───── Supplied data
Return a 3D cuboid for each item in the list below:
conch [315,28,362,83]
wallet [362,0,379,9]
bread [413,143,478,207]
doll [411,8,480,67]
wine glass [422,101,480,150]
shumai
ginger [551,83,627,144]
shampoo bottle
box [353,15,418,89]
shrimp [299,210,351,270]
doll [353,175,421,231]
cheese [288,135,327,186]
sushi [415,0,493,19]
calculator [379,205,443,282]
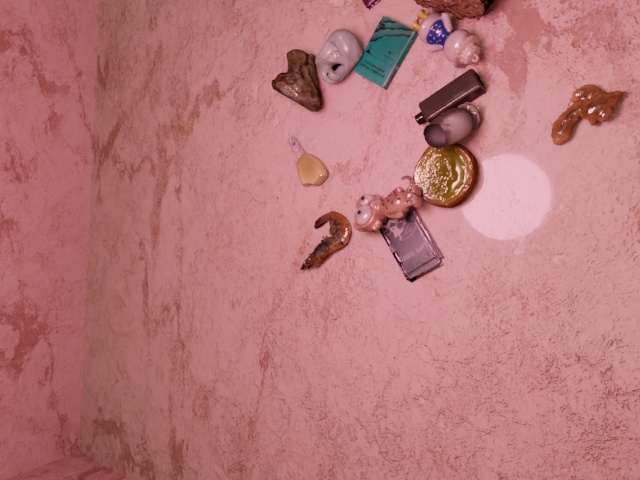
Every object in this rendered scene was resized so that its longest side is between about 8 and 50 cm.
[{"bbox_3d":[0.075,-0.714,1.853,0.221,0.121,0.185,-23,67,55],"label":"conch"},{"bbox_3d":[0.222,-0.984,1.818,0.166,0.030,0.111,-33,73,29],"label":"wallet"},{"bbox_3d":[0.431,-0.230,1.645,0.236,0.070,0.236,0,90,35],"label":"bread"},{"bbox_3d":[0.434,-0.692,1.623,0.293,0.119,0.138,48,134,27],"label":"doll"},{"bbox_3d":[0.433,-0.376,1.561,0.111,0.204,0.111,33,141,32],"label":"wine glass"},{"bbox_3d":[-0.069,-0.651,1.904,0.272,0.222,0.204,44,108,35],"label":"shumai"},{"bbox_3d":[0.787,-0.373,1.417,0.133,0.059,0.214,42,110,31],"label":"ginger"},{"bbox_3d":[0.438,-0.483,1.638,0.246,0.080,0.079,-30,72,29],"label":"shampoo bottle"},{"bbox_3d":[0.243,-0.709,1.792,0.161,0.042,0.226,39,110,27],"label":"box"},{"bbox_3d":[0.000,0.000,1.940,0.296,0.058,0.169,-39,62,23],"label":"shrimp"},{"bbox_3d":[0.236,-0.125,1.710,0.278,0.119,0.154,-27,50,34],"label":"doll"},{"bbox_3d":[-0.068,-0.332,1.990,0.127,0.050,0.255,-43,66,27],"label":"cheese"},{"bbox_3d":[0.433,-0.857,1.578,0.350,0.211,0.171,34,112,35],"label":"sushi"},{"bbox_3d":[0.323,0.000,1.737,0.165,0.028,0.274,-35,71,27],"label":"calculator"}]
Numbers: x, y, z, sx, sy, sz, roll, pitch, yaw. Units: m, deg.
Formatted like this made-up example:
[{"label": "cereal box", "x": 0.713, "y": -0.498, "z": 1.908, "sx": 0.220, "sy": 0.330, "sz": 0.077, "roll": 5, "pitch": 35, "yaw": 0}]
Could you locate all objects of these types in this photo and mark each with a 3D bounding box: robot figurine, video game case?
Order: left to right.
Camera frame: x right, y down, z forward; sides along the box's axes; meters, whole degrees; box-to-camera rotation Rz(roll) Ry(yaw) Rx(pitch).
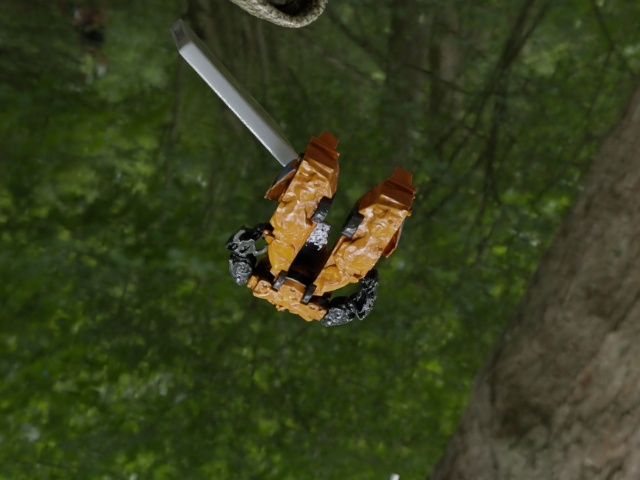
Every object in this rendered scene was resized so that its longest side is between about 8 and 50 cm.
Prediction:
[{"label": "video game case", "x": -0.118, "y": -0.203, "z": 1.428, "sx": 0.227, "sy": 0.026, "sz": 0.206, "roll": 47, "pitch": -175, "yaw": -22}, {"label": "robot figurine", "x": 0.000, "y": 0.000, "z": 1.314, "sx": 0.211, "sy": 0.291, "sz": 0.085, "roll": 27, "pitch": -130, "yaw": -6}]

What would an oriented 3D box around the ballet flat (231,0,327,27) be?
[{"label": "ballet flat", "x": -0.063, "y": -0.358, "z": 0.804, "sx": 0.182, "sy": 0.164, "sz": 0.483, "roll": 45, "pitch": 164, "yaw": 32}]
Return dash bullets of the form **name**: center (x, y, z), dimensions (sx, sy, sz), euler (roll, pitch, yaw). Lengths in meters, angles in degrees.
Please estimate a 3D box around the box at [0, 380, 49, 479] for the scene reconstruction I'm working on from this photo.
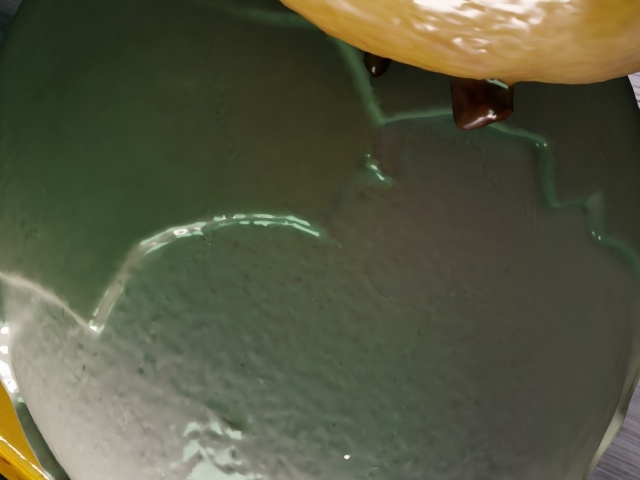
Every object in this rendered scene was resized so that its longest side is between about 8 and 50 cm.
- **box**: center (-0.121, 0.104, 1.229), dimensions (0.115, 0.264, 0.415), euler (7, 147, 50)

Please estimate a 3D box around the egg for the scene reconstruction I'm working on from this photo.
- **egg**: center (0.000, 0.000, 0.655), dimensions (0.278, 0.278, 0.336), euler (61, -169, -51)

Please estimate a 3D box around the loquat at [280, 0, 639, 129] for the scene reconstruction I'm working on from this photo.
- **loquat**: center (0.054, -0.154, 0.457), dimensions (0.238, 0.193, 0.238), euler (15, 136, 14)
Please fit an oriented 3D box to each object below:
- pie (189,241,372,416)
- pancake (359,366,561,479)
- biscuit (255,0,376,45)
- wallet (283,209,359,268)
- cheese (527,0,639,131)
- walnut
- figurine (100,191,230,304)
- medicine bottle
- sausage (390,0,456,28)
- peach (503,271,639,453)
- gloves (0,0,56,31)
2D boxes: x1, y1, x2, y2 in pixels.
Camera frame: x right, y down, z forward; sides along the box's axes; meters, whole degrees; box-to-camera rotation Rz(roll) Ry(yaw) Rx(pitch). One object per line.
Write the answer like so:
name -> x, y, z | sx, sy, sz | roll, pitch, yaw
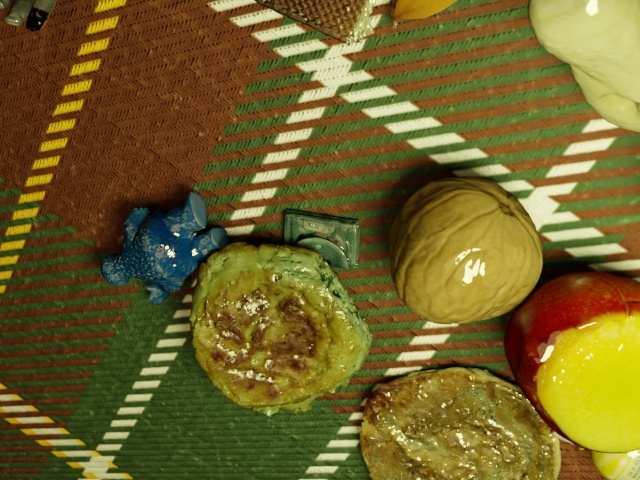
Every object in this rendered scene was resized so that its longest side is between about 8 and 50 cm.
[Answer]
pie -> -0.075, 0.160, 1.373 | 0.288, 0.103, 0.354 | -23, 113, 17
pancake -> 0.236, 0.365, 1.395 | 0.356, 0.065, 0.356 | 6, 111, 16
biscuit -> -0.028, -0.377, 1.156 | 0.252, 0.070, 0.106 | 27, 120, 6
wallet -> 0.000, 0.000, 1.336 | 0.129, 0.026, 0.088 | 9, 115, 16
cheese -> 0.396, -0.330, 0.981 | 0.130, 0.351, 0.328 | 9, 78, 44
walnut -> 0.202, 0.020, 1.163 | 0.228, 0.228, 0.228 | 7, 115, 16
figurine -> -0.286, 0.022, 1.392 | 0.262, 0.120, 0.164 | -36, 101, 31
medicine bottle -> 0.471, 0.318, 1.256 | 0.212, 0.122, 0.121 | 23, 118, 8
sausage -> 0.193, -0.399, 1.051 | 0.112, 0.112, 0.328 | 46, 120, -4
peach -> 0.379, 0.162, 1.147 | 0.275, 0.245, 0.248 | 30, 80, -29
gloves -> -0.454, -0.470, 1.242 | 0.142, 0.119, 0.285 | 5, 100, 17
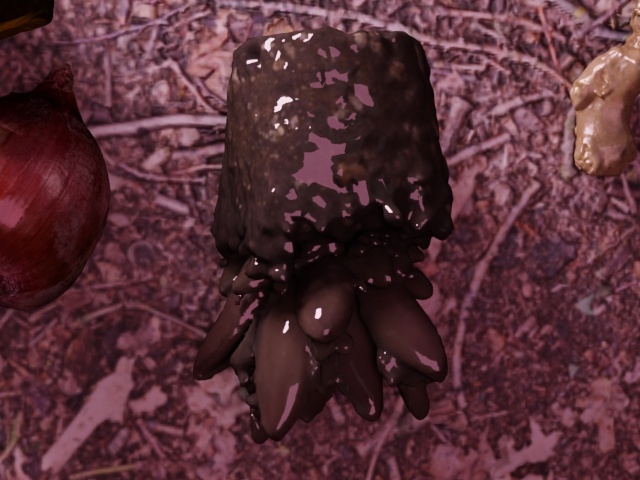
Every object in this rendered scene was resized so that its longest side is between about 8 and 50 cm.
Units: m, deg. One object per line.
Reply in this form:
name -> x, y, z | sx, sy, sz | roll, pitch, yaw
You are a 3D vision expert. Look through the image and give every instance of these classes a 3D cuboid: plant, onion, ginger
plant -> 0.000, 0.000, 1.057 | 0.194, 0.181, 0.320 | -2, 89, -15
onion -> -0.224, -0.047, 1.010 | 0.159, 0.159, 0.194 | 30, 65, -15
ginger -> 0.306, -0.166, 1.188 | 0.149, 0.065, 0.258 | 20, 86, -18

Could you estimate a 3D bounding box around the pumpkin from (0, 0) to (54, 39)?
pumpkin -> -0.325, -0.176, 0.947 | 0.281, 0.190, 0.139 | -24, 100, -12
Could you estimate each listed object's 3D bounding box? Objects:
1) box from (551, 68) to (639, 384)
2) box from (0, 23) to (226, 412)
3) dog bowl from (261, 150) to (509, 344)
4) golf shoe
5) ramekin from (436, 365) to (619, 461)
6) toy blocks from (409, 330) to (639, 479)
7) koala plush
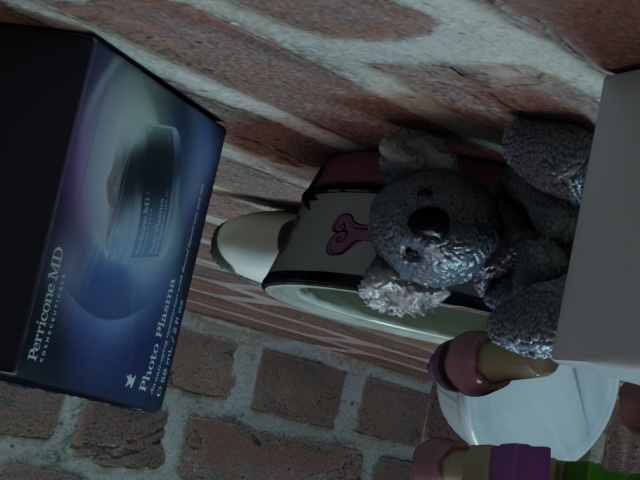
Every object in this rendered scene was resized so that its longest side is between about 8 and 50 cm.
──────────
What you will do – Lines with the word "camera" in them are the answer; report each one from the data.

Exercise output –
Camera frame: x right, y down, z forward; sides along the box's axes; meters, whole degrees; box-to-camera rotation Rz(roll) Ry(yaw) Rx(pitch).
Camera frame: x right, y down, z forward; sides along the box's axes; meters, whole degrees; box-to-camera rotation Rz(roll) Ry(yaw) Rx(pitch). One object per line.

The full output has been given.